The greatest challenges that America now confronts are the logical conclusions of the path of individualism and fracture, dissolution and liberation that we have traveled since the middle of the last century. And the greatest resources at our disposal for tackling those challenges are the products of our having traveled this path too. We face the problems of a fractured republic, and the solutions we pursue will need to call upon the strengths of a decentralized, diffuse, diverse, dynamic nation.

For all the GOP’s troubles, it will actually be easier for conservatives than for liberals to see their way toward such a forward-looking politics. For one thing, conservatives can much more clearly see the bankruptcy of a nostalgic politics. Many liberals still cling complacently to the anachronism of social democracy as their vision of the future.

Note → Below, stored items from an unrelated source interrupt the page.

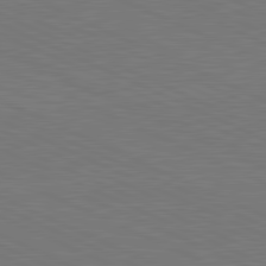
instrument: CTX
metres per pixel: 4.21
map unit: lApd
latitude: 81.5749
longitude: 149.5588
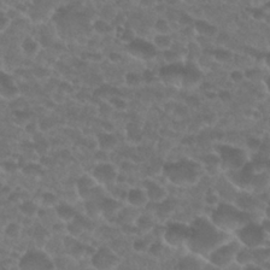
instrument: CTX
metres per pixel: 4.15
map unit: Nhu
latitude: 27.1781
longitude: -52.3845
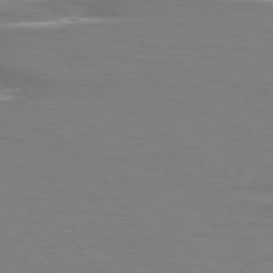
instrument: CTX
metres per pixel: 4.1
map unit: lApd
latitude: 75.7828
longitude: -80.8947
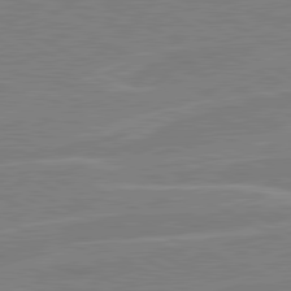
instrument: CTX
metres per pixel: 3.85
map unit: lApd
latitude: 80.8380
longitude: 121.4265
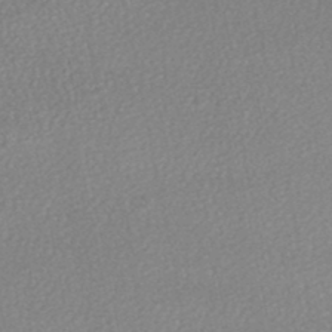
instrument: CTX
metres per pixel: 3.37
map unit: HNhu
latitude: -48.2551
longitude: 98.4818
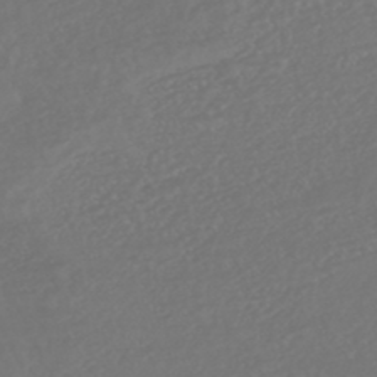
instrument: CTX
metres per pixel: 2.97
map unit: HNhu
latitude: -47.5210
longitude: 97.5777
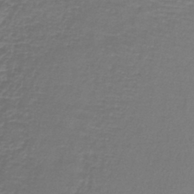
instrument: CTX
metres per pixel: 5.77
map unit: lHb
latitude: -41.8989
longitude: 58.4817
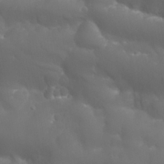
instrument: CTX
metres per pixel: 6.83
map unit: Nhu
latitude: 24.4412
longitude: -61.4615
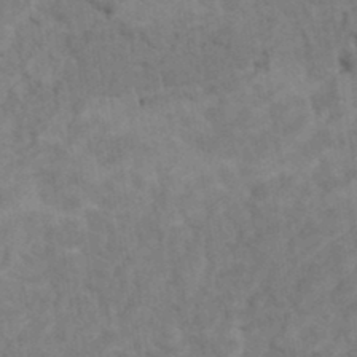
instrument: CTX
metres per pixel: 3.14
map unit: HNhu
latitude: 4.0444
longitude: -2.7057
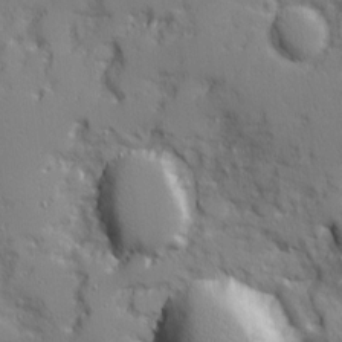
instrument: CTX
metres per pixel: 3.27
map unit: Ave
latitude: 12.1389
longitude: -101.6883
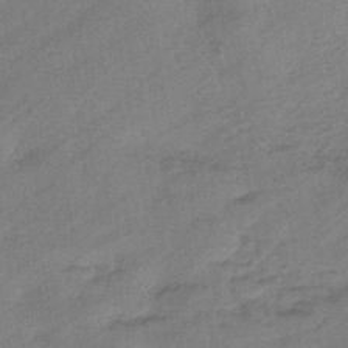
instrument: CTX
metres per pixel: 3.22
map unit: eHb
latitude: -44.6707
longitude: 85.1809
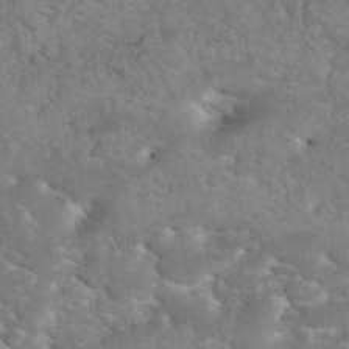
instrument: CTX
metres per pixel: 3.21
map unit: eHh
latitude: 35.2348
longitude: -65.2159

Some traditional conservative priorities—especially an emphasis on economic growth—remain vital to any such forward-looking politics. But that can only be a start. Beyond growth, a modernized conservative policy agenda would seek to use the very diversity and fragmentation of 21st-century America to meet its challenges.

In health care, for instance, … the new conservative approach would liberate insurers and providers to offer many different models of coverage and care, empower consumers to choose (including through financial assistance to those unable to afford insurance) and let their choices matter—making the system more efficient from the bottom up.

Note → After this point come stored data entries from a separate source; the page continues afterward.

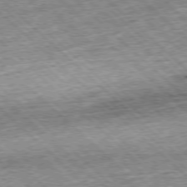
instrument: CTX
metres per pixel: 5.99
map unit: Hpe
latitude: -77.7667
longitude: 14.3873
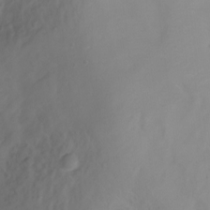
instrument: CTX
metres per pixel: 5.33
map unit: Ht
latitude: 2.0822
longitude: -36.4412
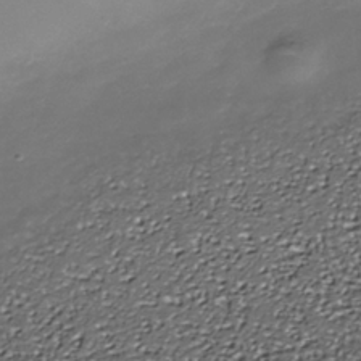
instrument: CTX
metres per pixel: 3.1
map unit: Nhe
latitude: -37.4643
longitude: -87.1592
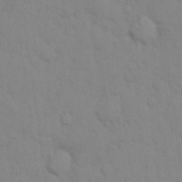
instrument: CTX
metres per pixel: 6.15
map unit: eHh
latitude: 16.2712
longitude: -62.8380
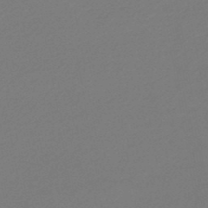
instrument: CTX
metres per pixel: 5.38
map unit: lHb
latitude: -46.7463
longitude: 57.6155
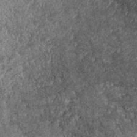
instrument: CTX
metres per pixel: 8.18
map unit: eHh
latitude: -40.3117
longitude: -28.4601
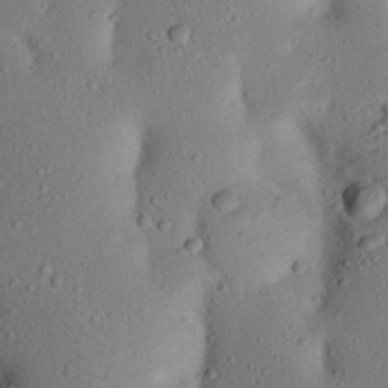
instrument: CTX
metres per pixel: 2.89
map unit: Nhu
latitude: 22.9892
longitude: -72.9703
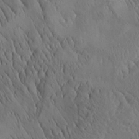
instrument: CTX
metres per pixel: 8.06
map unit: Aa
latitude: 26.5546
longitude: -142.1956
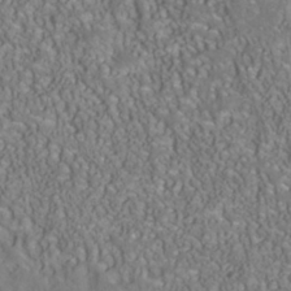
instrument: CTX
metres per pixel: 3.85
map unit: Nhu
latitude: -40.9164
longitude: -85.1025
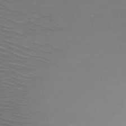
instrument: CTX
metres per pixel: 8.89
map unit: HNb
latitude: -48.4440
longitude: -44.4979
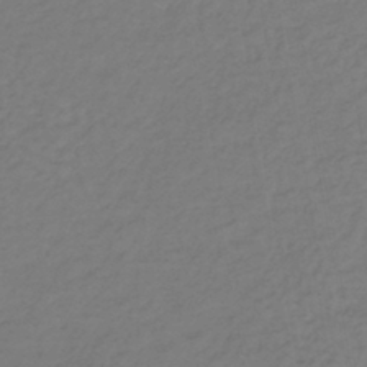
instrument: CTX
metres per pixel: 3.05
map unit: lHb
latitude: -39.0109
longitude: 72.2172
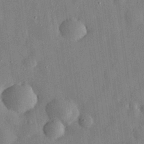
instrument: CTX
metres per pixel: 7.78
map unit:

Or consider primary and secondary education, … the new conservative approach would instead direct its resources to let parents make choices for their children and allow the education system to take shape around their priorities and preferences.

… a bottom-up approach has long been championed by conservatives in some arenas, albeit with limited success against an entrenched progressive welfare state. A welfare system that could better address the problems of those left behind by the global economy or mired in inter-generational poverty wouldn’t be a one-size-fits-all bureaucratic regime. Rather, it would empower local problem-solvers to mix resources, advice, experience and moral leadership in a continuing process of bottom-up experimentation.

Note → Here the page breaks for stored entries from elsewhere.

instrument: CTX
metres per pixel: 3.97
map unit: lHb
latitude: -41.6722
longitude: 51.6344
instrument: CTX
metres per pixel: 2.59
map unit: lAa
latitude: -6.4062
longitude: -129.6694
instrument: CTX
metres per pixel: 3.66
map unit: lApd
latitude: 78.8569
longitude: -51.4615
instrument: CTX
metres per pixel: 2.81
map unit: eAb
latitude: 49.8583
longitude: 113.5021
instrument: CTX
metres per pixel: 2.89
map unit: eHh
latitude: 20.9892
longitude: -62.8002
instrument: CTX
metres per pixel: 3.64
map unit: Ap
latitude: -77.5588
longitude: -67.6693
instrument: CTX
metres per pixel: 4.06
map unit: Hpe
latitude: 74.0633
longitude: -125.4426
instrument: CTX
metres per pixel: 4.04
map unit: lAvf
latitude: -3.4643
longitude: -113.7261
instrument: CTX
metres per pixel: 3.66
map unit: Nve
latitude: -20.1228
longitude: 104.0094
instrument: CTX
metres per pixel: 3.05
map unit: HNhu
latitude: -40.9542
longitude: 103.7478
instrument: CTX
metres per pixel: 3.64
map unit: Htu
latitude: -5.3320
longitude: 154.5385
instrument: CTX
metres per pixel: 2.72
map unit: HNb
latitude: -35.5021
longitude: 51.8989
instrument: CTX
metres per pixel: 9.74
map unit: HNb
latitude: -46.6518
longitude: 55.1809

The work of government more broadly—especially at the state and local levels, where most government happens—should abandon the model of the centralized, technocratic industrial economy in favor of today’s decentralized, consumer-driven, postindustrial economy, using public resources to encourage constructive experimentation with public services rather than to impose tired dogmas from above.

That is how a traditionalist moral minority can thrive in a diverse America—by offering itself not as a path back to an old consensus that no longer exists but as an attractive, vibrant alternative to the demoralizing chaos of the permissive society.

In the crisis of this election year, the right has been brought face-to-face with the bankruptcy of its version of nostalgic politics. The conservatism that follows Mr. Trump will need to confront the genuine public concerns into which he has tapped, about trade, downward social mobility and diminished opportunity. But conservatives will need to offer an approach far more constructive than Mr. Trump’s vulgar and abusive demagoguery.

The right’s decentralizing mind-set, disposition toward community and innate skepticism of technocratic government will serve them well—and leave them far better equipped to address America’s modern problems than liberals who have yet to confront the exhaustion of their own political vision.

For the right, Mr. Trump marks the disastrous end of an era. But beyond the crisis that he embodies beckons the prospect of a revitalized conservatism and a revitalized America.